Track By Track: I Am Weary, Don’t Let Me Rest

Published July 4, 2023

Track By Track: I Am Weary, Don’t Let Me Rest
Photo by
Snorri Hallgrímsson

Snorri Hallgrímsson brings us his newest composition

Snorri Hallgrímsson’s list of works is long. Here, Snorri invites us to delve deeper into his newest solo release, I Am Weary, Don’t Let Me Rest, which was released June 16. 

Before the Storm 

The song that was never meant to exist. We had already started mixing the album and I was waiting for the weather to calm down so I could record the last remaining piano bits on the other tracks. I started doodling on the piano while waiting and this is the result. 

Behind the Sun 

Eerie atmospheric field recordings and disturbing violin textures team up against the string orchestra, which slowly creeps in and ultimately takes over. 

For Better Waters 

I like space in music and there’s a lot of it in this song. Most of it is intentional, but the piano was improvised in one take so sometimes that space is also just me figuring out on the spot what to do next. I liked it and decided against writing a more “streamlined” version. 

Worth and Knowledge 

Choir, vocoder, solo voice, field recordings, a viola being massacred and a string orchestra. Why not? It might not be everyone’s cup of tea, but at worst it’s a nice palette cleanser before the very sweet title track. 

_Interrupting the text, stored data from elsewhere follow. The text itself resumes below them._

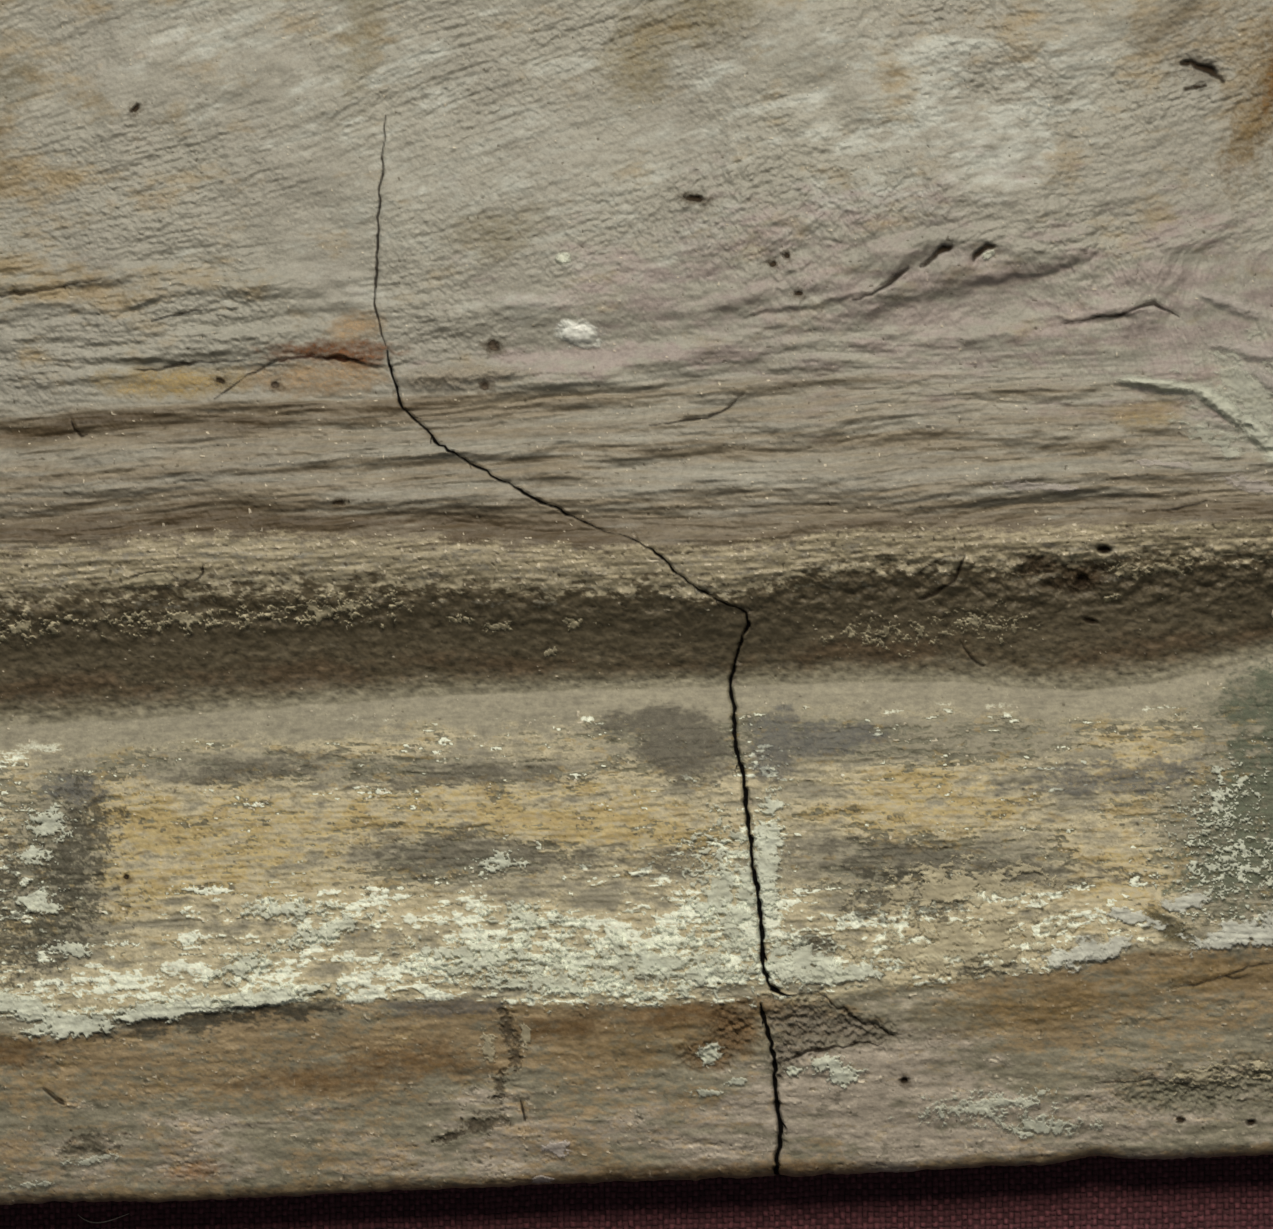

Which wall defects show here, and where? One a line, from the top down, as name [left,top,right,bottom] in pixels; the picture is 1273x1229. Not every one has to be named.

rust [257,315,386,391]
crack [132,125,818,1175]
damp [601,707,733,786]
damp [1028,758,1196,808]
damp [1163,666,1273,923]
damp [0,774,128,990]
damp [840,839,966,935]
damp [795,933,843,949]
damp [958,963,1014,977]
damp [100,998,342,1041]
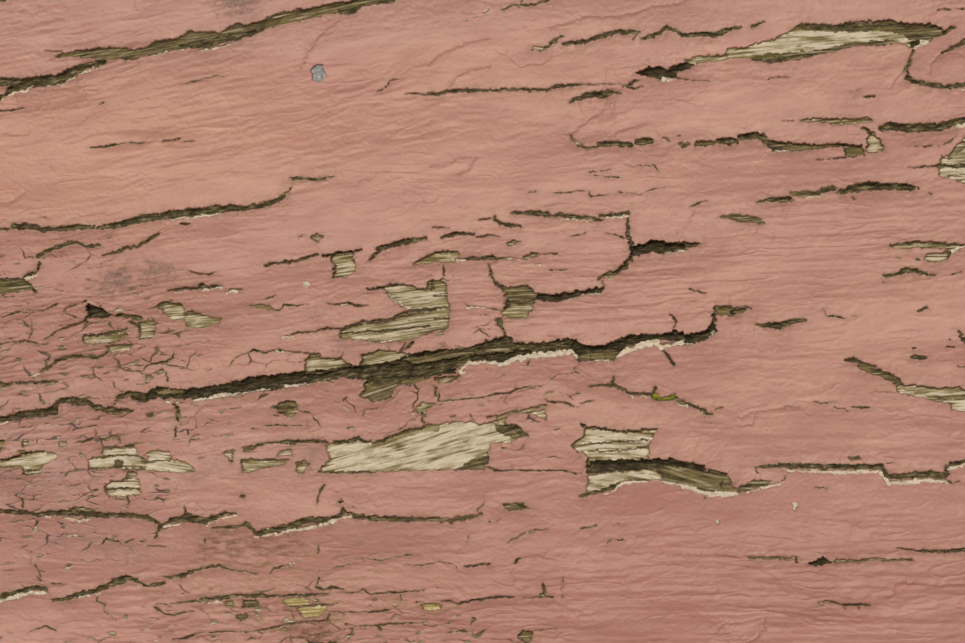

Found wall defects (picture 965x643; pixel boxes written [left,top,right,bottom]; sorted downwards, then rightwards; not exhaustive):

crack [0,0,398,113]
crack [530,20,765,52]
peeling [634,19,958,83]
crack [368,117,965,287]
peeling [906,137,965,184]
crack [0,186,293,341]
peeling [281,240,607,351]
crack [0,287,725,452]
peeling [843,356,965,413]
peeling [86,440,196,498]
peeling [222,402,739,500]
crack [0,484,565,643]
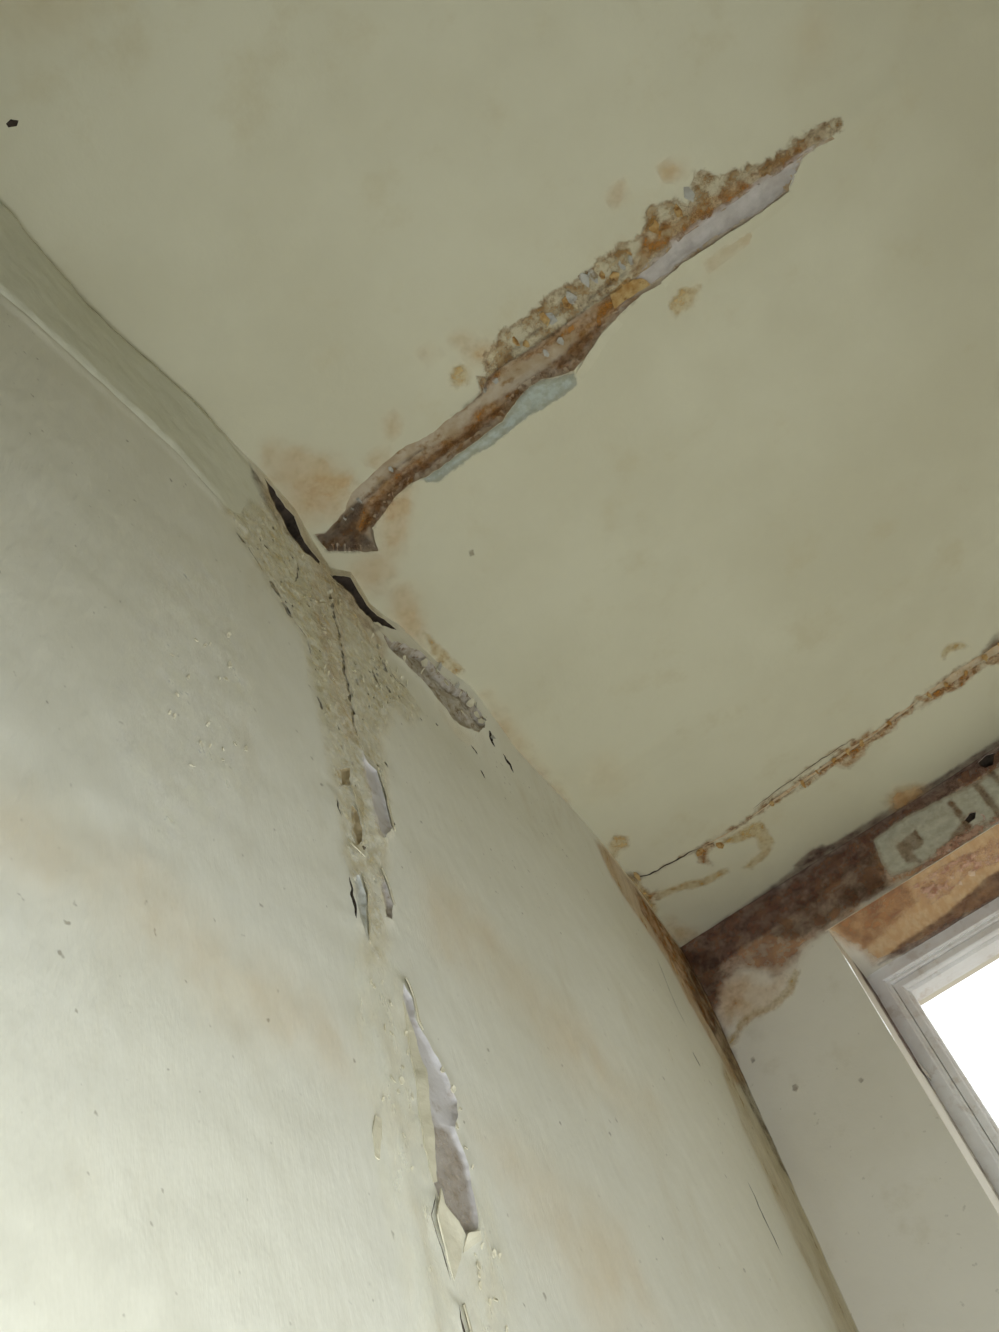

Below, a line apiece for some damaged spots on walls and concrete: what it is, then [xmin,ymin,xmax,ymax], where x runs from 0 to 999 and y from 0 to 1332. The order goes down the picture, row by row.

flaking render [315,120,842,552]
crack [254,473,397,739]
flaking render [236,515,514,941]
peeling [372,978,502,1305]
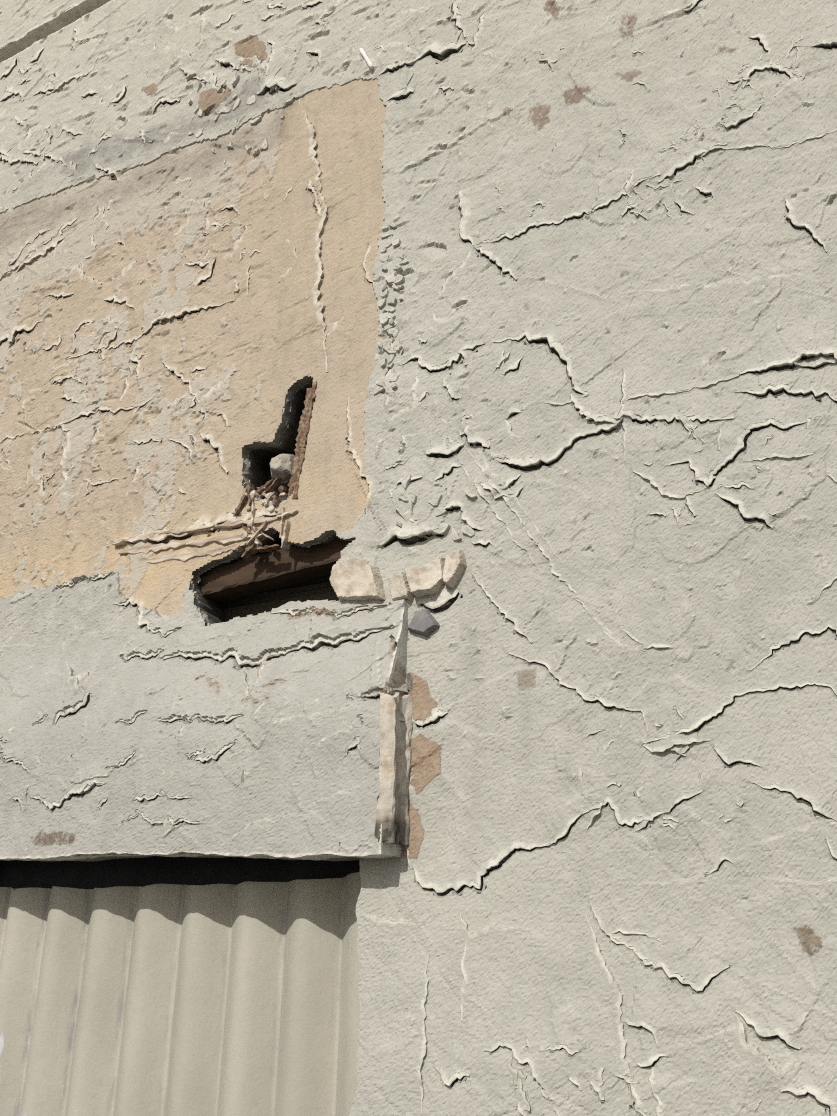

I Am Weary, Don’t Let Me Rest 

I had struggled all day to write something incredibly original and this is the type of song that follows a day of struggle. A minimal, familiar and comforting chord progression that builds ever so slightly with each repetition. The title is both accepting and forgiving of my failure, but also encourages me to keep trying. 

The Blind Life 

The title refers to the afterlife of “the uncommitted” Dante encounters in The Divine Comedy: people who lived a life of blissful ignorance but in death are doomed to a miserable non-existence in neither hell nor heaven. This struggle between painful awareness and ignorant bliss is a constant theme on the album. 

The Darkest Descent 

Opposed to the blissfully ignorant “Blind Life,” is the painful privilege of knowledge, which is “a descent into the darker areas of the human soul,” as phrased by Julio Strassera at the trial of the Juntas. Unnur, the solo cellist on the song, said this is “the ultimate Snorri song.” I think she might be right, at least it’s possibly my favourite song on the album. 

At Last We Touched Upon the Lonely Shore 

A string quartet variation of “Worth and Knowledge.” Recorded as close to the musicians as possible and then run through a Roland Space Echo multiple times. I wanted to feel the hairs of the bow almost brush my ears… but for it to still somehow sound distant. 

I Am at Home 

A journey from vast orchestral and ambient elements to the more intimate setting of myself singing at the living room piano, “I Am at Home” is a love song and refers to the feeling of being at ease in the comforting presence of your loved one.